Instructions to follow. Go over the data and copy out each line with "faces" in it.

Data for processing.
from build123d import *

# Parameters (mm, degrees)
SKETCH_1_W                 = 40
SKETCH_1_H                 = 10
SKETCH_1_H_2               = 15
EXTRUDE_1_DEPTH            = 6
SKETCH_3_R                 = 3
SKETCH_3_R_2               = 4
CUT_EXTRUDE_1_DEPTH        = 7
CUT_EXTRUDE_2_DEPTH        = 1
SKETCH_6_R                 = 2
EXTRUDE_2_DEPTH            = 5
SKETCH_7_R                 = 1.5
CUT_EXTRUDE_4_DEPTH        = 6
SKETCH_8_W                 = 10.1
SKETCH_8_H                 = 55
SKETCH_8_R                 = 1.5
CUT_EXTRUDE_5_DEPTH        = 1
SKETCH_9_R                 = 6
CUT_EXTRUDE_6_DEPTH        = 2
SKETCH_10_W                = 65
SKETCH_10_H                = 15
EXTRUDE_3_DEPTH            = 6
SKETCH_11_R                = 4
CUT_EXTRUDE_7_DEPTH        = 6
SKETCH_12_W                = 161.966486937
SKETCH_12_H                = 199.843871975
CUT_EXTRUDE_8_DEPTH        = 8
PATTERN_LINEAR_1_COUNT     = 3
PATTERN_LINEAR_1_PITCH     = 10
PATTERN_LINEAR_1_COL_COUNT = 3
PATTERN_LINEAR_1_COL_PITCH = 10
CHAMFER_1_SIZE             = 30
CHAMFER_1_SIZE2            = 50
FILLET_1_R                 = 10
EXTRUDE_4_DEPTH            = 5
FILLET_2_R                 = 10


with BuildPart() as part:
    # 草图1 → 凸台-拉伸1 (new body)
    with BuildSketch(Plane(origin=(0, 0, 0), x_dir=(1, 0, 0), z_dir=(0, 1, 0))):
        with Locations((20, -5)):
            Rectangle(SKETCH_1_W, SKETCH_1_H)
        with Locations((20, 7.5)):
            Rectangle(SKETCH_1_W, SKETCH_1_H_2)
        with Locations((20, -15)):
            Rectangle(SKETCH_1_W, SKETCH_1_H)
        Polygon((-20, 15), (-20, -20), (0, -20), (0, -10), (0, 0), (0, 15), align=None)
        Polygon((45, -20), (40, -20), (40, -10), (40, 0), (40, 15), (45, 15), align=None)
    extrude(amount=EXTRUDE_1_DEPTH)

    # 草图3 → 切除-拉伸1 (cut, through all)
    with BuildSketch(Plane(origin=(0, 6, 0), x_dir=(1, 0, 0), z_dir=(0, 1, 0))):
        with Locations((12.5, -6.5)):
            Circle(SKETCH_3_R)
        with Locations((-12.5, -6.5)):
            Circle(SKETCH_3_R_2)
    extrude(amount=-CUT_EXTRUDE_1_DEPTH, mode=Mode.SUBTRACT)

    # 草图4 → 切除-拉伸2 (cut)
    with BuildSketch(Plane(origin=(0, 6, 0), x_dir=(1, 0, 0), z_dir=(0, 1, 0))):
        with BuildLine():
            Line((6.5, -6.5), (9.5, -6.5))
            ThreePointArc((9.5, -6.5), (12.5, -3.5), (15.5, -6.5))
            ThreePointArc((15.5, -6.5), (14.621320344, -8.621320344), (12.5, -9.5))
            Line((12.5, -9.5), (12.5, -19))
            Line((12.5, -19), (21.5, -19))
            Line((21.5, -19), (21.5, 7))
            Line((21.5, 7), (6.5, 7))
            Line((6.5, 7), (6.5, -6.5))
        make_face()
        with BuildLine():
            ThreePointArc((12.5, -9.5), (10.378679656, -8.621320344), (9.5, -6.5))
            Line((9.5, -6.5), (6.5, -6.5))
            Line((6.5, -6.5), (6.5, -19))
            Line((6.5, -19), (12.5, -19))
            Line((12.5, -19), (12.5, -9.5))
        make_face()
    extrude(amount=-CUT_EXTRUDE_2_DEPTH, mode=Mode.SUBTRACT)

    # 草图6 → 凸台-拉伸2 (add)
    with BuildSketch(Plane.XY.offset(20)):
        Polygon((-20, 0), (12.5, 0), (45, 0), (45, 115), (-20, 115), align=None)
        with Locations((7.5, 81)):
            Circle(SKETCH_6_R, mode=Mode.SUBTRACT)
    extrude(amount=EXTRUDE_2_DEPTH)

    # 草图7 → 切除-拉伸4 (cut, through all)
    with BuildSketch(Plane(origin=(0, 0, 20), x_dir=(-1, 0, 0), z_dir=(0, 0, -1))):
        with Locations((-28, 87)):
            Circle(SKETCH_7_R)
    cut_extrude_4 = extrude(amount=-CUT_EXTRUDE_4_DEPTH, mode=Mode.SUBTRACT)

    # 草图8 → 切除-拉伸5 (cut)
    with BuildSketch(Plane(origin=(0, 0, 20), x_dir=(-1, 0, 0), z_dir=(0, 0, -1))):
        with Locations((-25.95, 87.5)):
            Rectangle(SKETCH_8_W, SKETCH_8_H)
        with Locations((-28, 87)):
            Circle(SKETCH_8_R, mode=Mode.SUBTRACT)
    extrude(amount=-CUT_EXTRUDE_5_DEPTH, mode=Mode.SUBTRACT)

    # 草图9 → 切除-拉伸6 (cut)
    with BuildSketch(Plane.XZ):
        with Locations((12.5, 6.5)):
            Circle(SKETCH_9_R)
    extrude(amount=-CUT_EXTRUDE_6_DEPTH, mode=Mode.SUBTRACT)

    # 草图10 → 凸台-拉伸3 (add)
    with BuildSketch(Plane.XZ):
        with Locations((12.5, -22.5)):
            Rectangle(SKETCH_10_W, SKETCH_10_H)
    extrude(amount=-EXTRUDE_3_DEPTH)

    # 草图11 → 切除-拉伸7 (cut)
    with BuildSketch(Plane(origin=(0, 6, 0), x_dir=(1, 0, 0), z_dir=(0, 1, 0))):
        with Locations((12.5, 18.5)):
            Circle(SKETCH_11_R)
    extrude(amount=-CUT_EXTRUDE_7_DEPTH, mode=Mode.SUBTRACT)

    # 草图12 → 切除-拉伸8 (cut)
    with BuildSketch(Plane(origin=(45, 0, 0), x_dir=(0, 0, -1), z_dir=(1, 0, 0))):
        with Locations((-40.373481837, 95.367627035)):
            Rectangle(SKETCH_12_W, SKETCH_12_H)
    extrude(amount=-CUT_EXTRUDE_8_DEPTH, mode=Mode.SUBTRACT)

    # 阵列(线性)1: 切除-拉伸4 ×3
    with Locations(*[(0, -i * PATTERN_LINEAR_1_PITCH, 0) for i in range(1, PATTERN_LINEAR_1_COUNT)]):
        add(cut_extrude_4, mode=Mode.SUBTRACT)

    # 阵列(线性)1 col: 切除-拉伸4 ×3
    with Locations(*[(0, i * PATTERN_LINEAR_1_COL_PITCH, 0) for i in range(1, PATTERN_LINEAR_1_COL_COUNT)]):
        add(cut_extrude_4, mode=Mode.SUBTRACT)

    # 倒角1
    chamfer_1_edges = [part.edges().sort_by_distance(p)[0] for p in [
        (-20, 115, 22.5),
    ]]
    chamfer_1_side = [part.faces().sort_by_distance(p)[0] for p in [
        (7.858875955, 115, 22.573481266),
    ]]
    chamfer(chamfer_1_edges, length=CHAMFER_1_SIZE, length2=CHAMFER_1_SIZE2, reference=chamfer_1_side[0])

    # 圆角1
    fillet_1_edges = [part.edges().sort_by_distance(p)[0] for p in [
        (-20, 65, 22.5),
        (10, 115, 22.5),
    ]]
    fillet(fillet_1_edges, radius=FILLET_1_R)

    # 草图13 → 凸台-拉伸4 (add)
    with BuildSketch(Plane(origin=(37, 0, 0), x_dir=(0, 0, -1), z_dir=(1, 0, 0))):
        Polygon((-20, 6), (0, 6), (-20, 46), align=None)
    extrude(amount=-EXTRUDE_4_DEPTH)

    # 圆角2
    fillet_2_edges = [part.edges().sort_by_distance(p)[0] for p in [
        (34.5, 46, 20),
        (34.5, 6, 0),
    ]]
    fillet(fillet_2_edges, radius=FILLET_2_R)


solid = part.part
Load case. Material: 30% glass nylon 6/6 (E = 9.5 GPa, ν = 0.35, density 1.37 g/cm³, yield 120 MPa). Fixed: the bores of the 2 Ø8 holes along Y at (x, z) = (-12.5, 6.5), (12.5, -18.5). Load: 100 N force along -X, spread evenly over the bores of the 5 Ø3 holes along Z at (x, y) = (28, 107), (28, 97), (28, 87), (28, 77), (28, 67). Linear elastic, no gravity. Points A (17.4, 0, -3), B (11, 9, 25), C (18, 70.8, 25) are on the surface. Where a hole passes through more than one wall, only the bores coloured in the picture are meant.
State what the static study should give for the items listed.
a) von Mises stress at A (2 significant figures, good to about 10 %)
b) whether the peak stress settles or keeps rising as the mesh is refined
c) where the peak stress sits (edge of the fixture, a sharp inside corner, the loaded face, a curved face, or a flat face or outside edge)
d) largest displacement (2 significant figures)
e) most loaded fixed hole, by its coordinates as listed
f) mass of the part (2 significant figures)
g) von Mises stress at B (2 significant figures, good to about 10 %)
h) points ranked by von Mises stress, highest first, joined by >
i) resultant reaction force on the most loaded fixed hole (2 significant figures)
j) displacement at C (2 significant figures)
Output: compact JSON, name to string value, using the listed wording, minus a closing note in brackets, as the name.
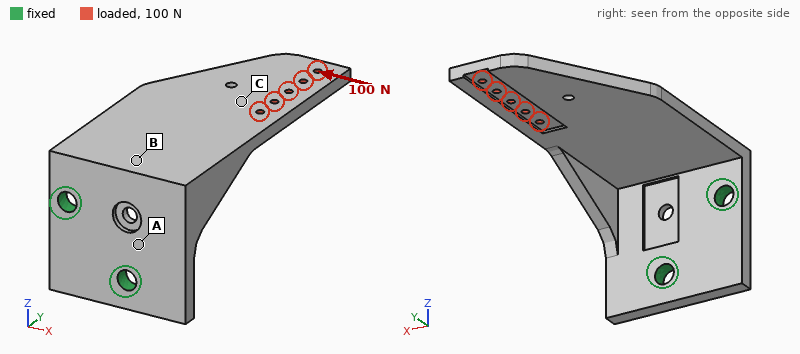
{"von Mises stress at A": "13 MPa", "whether the peak stress settles or keeps rising as the mesh is refined": "keeps rising", "where the peak stress sits": "edge of the fixture", "largest displacement": "1.5 mm", "most loaded fixed hole, by its coordinates as listed": "(-12.5, 6.5)", "mass of the part": "63 g", "von Mises stress at B": "5.8 MPa", "points ranked by von Mises stress, highest first, joined by >": "A > B > C", "resultant reaction force on the most loaded fixed hole": "150 N", "displacement at C": "0.88 mm"}
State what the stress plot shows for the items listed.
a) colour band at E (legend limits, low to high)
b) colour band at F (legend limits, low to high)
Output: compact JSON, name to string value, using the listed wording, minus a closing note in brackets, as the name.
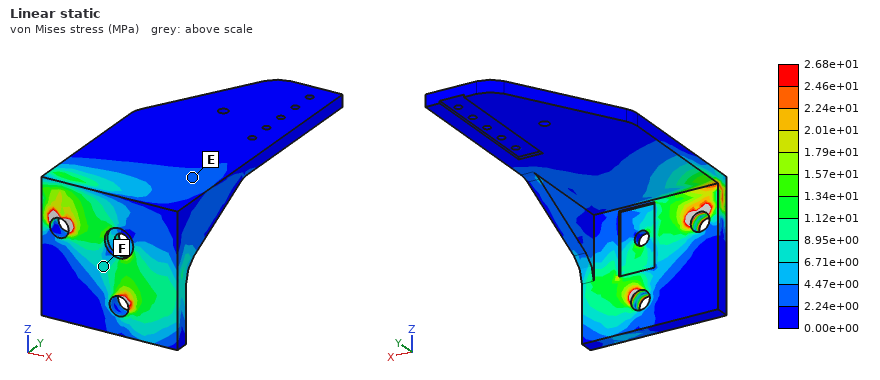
{"colour band at E": "2.24e+00 to 4.47e+00 MPa", "colour band at F": "6.71e+00 to 8.95e+00 MPa"}
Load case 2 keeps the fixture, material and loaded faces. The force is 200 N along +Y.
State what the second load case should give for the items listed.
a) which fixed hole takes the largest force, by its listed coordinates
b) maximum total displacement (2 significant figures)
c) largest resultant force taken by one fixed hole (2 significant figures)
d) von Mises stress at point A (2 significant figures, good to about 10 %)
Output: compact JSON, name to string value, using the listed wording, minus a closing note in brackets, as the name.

{"which fixed hole takes the largest force, by its listed coordinates": "(-12.5, 6.5)", "maximum total displacement": "1.7 mm", "largest resultant force taken by one fixed hole": "130 N", "von Mises stress at point A": "13 MPa"}
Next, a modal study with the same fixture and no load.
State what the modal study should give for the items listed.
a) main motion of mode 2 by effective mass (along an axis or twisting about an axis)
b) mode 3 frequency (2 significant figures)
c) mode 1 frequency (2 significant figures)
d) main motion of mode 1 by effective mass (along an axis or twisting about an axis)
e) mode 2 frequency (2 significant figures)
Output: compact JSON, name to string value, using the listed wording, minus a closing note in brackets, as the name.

{"main motion of mode 2 by effective mass": "along X", "mode 3 frequency": "870 Hz", "mode 1 frequency": "210 Hz", "main motion of mode 1 by effective mass": "along Z", "mode 2 frequency": "450 Hz"}

Result of this exercise.
    chamfer_1_side = [part.faces().sort_by_distance(p)[0] for p in [
Load case 2 keeps the fixture, material and loaded faces. The force is 200 N along +Y.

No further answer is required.